1 Corinthians 13: 1 & 13

If I speak in the tongues of men and of angels, but have not love, I am only a resounding gong or a clanging cymbal.

And now these three remain: faith, hope and love. But the greatest of these is love.

15 October 2009

Re: Committing suicide: a way out? (7B Ng Ka Chun)

The Editor,

South China Morning Post,

GPO Box 50, Hong Kong

Dear Editor,

Re: Committing suicide: a way out?

I am writing to express my points of view on the issue of suicides in Hong Kong. In the past few years, the number of cases of suicides has increased dramatically. Some quote financial problems, unhappy marriages and stress as the major reasons for committing suicide. As the issue has come to an alarming state, we should reveal what things have set the backdrop and why suicide is not the way to solve problems.

The sudden economic downturn has brought many adversities to Hong Kong people. For example, they have lost their properties and jobs within a short period of time, and their economic difficulties have even led to unhappy marriages. What mentioned have laid burdens to people. They have to bear the stress from all aspects in work and families. As a result, some resort to committing suicide, believing that it is the only way to solve problems.

To be frank, committing suicide is not the way to solve problems but it leads to negative effects upon oneself, families, and the society.

To begin with, people who commit suicide definitely want to escape from the problems.
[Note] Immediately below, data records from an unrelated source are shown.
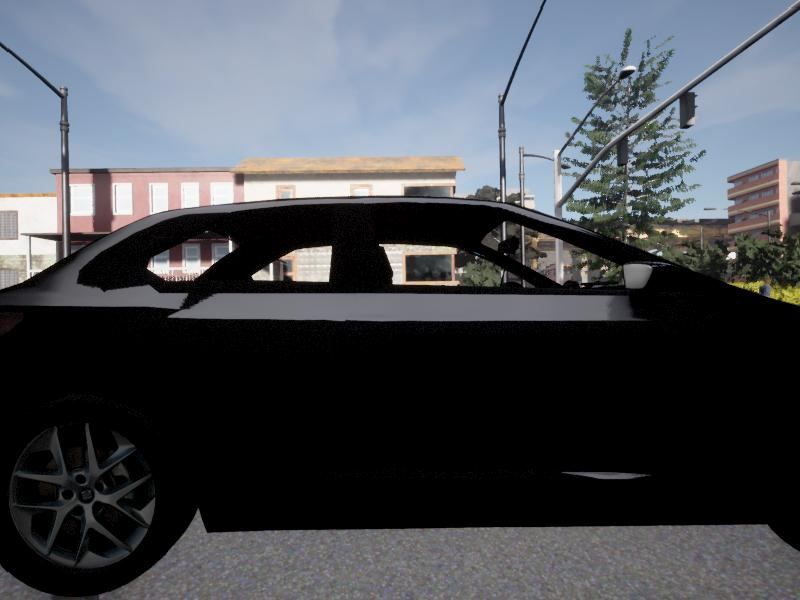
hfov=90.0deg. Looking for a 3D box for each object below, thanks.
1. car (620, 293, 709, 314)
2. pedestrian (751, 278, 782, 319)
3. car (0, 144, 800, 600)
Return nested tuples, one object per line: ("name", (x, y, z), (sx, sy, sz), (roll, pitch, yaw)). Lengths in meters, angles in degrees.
("car", (17.677, 0.236, 26.880), (4.718, 1.301, 1.895), (-1, 0, 44))
("pedestrian", (17.138, -0.083, 18.724), (0.751, 1.860, 0.751), (-1, 0, 4))
("car", (0.342, 0.254, 2.184), (4.193, 1.474, 1.816), (0, 0, -1))
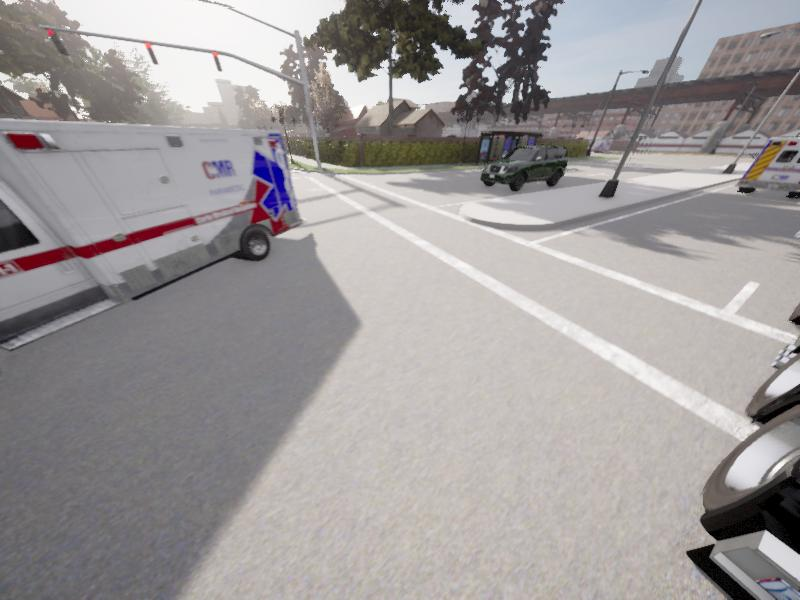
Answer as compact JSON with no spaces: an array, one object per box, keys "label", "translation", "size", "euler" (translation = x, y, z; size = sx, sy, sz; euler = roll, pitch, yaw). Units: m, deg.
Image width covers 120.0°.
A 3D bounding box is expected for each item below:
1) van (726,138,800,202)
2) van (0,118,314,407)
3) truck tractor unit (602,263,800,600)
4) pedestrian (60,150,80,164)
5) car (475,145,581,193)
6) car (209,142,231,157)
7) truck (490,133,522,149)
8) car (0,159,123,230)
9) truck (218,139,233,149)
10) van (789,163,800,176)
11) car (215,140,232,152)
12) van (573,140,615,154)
[{"label":"van","translation":[20.610,-6.920,12.006],"size":[6.366,2.431,2.351],"euler":[-18,39,-24]},{"label":"van","translation":[-4.560,-1.356,3.791],"size":[2.351,2.431,6.366],"euler":[10,36,14]},{"label":"truck tractor unit","translation":[5.109,-0.304,0.785],"size":[6.516,4.208,3.053],"euler":[-18,39,-24]},{"label":"pedestrian","translation":[-31.778,-13.759,22.254],"size":[0.500,1.100,0.500],"euler":[-17,39,-24]},{"label":"car","translation":[7.354,-7.724,13.381],"size":[5.566,2.045,2.150],"euler":[-18,39,-24]},{"label":"car","translation":[-27.637,-23.280,35.595],"size":[1.932,1.855,4.605],"euler":[-18,39,-25]},{"label":"truck","translation":[32.214,-48.753,70.623],"size":[2.891,3.827,8.468],"euler":[-18,40,-24]},{"label":"car","translation":[-12.929,-3.249,7.147],"size":[5.027,1.651,2.152],"euler":[-18,39,-24]},{"label":"truck","translation":[-45.568,-40.892,60.487],"size":[2.390,2.098,6.274],"euler":[-18,39,-25]},{"label":"van","translation":[35.969,-11.966,19.295],"size":[5.915,2.561,1.988],"euler":[-18,39,-24]},{"label":"car","translation":[-37.141,-32.615,48.788],"size":[2.150,2.045,5.566],"euler":[-18,39,-25]},{"label":"van","translation":[42.411,-33.749,50.755],"size":[2.351,2.431,6.366],"euler":[-18,39,-24]}]

When people come across adversities like being fired, they are scared and worried whether they are able to sustain the livelihood. With sorrow and

disappointment, some may commit suicide. However, have they ever considered the poor living below the poverty line, striving for food and warmth every day? Will the people committing suicide become shameful if the images of the poor spark in their minds? There are far more than thousands of people who die of malnutrition and diseases. What Hong Kong people facing are short-term difficulties, while the battles brought by suicide to the family is long lasting. Committing suicide is just a sign of weakness. The plights actually strengthen our resilience.
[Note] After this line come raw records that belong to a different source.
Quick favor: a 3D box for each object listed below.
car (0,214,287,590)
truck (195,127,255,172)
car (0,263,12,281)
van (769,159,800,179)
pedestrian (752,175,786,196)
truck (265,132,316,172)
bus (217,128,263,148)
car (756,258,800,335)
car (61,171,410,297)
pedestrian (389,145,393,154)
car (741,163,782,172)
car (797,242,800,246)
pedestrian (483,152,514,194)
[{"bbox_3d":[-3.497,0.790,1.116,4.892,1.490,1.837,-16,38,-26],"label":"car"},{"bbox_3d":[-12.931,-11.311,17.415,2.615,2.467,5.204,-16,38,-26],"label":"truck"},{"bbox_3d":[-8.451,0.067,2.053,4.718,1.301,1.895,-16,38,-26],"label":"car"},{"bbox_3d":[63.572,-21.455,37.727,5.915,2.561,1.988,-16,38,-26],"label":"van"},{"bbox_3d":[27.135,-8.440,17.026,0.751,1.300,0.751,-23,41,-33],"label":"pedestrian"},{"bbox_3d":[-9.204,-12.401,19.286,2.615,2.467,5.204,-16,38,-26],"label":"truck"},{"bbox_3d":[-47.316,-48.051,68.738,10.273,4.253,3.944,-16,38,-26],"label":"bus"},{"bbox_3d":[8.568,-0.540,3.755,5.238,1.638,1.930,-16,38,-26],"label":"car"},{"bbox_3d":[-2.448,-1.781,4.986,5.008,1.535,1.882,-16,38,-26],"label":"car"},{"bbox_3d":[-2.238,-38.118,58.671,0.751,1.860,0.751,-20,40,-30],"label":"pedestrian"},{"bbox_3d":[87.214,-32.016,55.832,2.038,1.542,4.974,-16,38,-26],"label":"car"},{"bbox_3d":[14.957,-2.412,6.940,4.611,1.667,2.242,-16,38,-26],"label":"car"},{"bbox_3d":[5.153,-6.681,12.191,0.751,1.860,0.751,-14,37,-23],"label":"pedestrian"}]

The suicide of a family member does harm to the family. Imagine if you are facing the difficulties, the death of your family member deteriorates the scenario. You have really been plunged by two things at the same time. Definitely, committing suicide has not solved any problem. What it does is leaving the family a mess.
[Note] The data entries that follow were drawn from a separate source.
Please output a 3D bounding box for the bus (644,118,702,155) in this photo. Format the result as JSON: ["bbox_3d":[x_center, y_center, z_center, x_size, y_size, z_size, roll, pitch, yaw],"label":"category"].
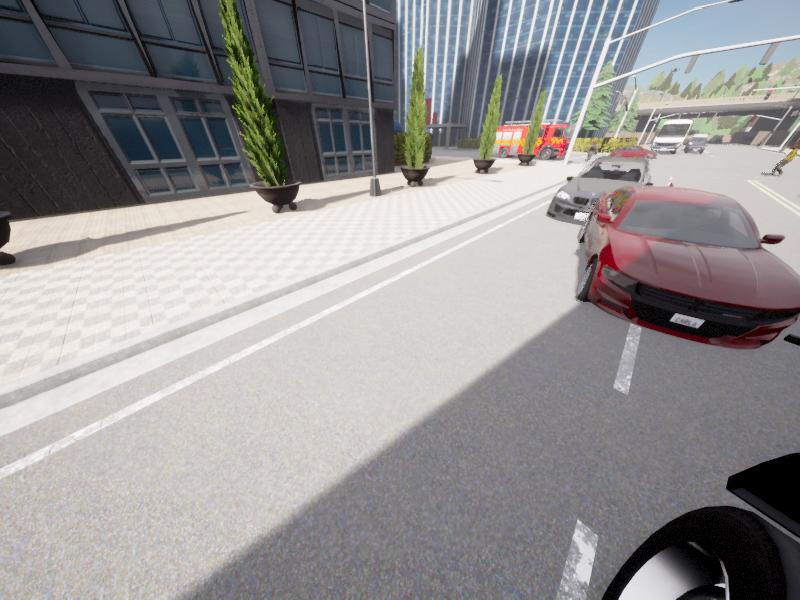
[{"bbox_3d":[43.215,-25.896,36.698,3.944,4.253,10.273,30,45,35],"label":"bus"}]

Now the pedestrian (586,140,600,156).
[{"bbox_3d":[26.423,-20.837,31.670,0.751,1.860,0.751,28,44,34],"label":"pedestrian"}]

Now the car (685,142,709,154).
[{"bbox_3d":[46.339,-23.803,36.139,1.812,1.442,4.674,30,45,35],"label":"car"}]

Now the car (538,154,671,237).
[{"bbox_3d":[6.976,-3.797,7.811,2.242,1.667,4.611,30,45,35],"label":"car"}]

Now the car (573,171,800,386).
[{"bbox_3d":[4.691,-1.181,4.236,1.882,1.535,5.008,20,40,27],"label":"car"}]

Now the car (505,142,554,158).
[{"bbox_3d":[17.395,-20.399,31.348,5.238,1.638,1.930,29,45,35],"label":"car"}]

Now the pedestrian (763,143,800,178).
[{"bbox_3d":[24.507,-8.828,14.622,0.751,1.860,0.751,28,44,34],"label":"pedestrian"}]

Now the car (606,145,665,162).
[{"bbox_3d":[26.321,-16.536,26.030,4.181,1.385,1.994,17,39,24],"label":"car"}]

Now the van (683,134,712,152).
[{"bbox_3d":[52.262,-27.716,40.704,1.988,2.561,5.915,30,45,35],"label":"van"}]

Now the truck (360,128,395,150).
[{"bbox_3d":[-5.283,-36.825,52.957,8.468,3.827,2.891,29,45,35],"label":"truck"}]

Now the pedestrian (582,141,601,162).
[{"bbox_3d":[20.000,-15.489,24.119,0.751,1.860,0.751,30,45,35],"label":"pedestrian"}]

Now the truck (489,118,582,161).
[{"bbox_3d":[15.824,-19.302,27.904,2.891,3.827,8.468,-30,45,-35],"label":"truck"}]

Finally, committing suicide is possible to contribute a negative atmosphere to the society. With reference to Japan and Korea, the great number of suicide cases shows us committing suicide may become a “trend” when something unfortunate occurs to us. It may become a chain reaction propagated in the society and its root is deeply penetrating into the culture. If so, our kids may risk ending their lives just because of a failure in dictation! No one would expect such a depressing and pessimistic tone persisting in our surroundings.

In conclusion, suicide is not the way to solve problems as it is harmful to others and the problem itself does not disappear when suicide taken place. People facing difficulties should learn how to “turn adversities into opportunities”, which means that if everyone considers adversities as opportunities, they become more resilient and optimistic. Whatever how tough the condition is, nothing is insurmountable.